# Problem details:
From the line that contains "Found wall defects" to the last line of the entries, set down each line exactly as written, both ends included, with nothing else.

____ Extracted data

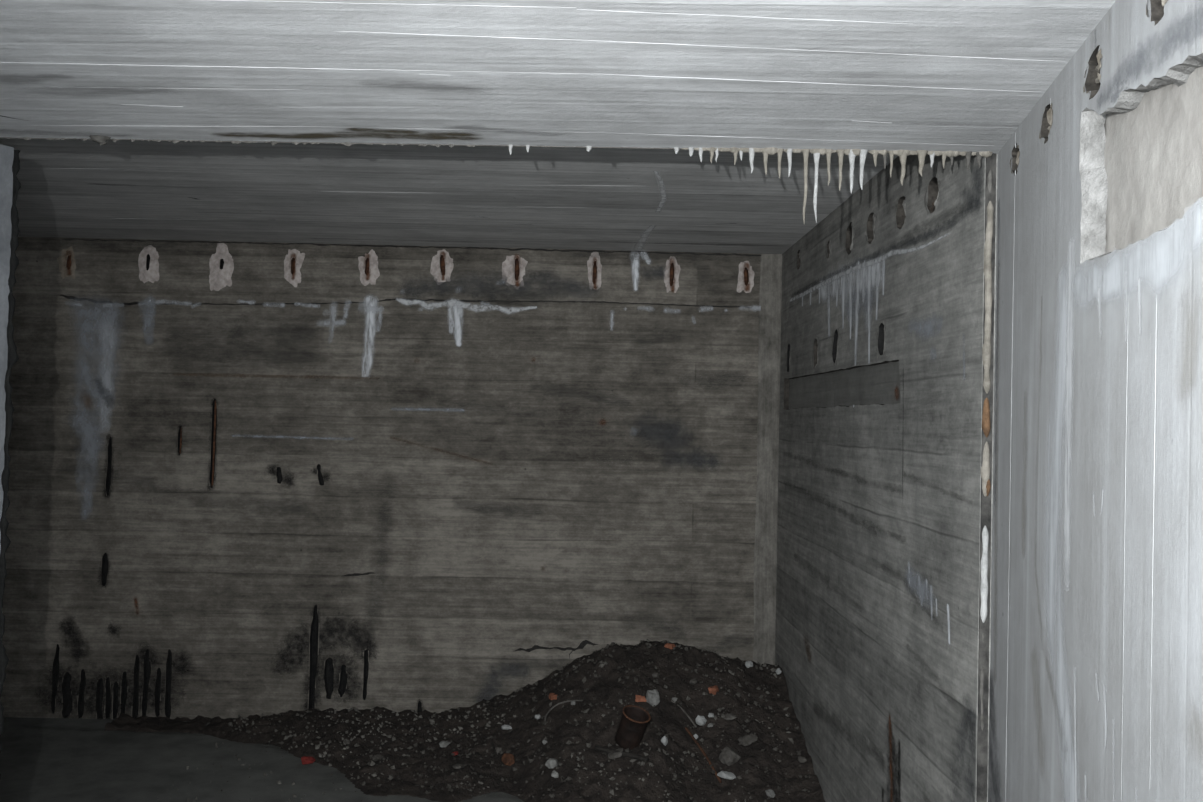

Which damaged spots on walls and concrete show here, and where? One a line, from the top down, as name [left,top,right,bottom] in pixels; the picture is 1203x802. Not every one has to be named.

hole [1150,0,1164,25]
water stain [682,147,992,212]
spalling [1041,104,1050,144]
spalling [1079,45,1203,264]
efflorescence [363,297,381,374]
water stain [397,275,590,346]
water stain [790,221,954,364]
crack [515,640,598,659]
corrosion [882,716,901,802]
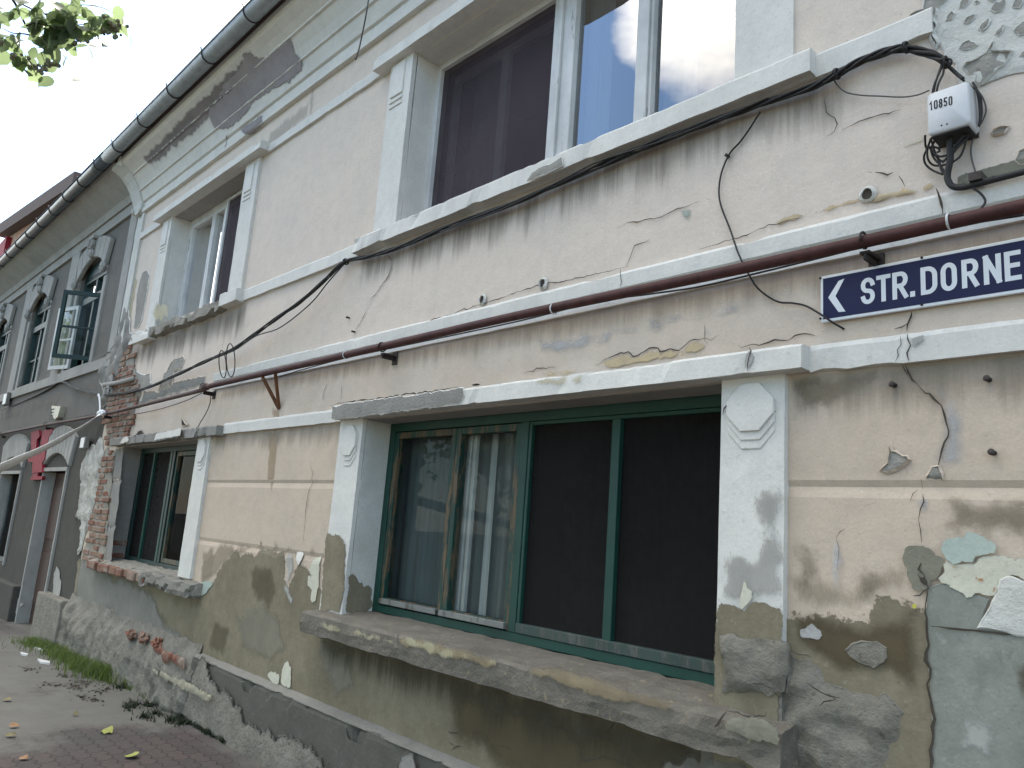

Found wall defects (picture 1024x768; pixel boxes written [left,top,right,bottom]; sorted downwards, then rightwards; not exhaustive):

spalling [208,38,303,135]
crack [824,96,898,136]
peeling [910,0,1024,87]
crack [430,198,710,321]
crack [701,218,796,249]
crack [597,333,815,370]
flaking render [76,345,206,570]
peeling [296,552,321,602]
water stain [74,533,754,768]
water stain [713,490,944,768]
crack [895,311,1011,768]
peeling [918,532,1024,637]

________

# Response area:
Found wall defects (picture 1024x768; pixel boxes written [left,top,right,bottom]; sorted downwards, then rightwards; not exhaustive):

spalling [208,38,303,135]
crack [824,96,898,136]
peeling [910,0,1024,87]
crack [430,198,710,321]
crack [701,218,796,249]
crack [597,333,815,370]
flaking render [76,345,206,570]
peeling [296,552,321,602]
water stain [74,533,754,768]
water stain [713,490,944,768]
crack [895,311,1011,768]
peeling [918,532,1024,637]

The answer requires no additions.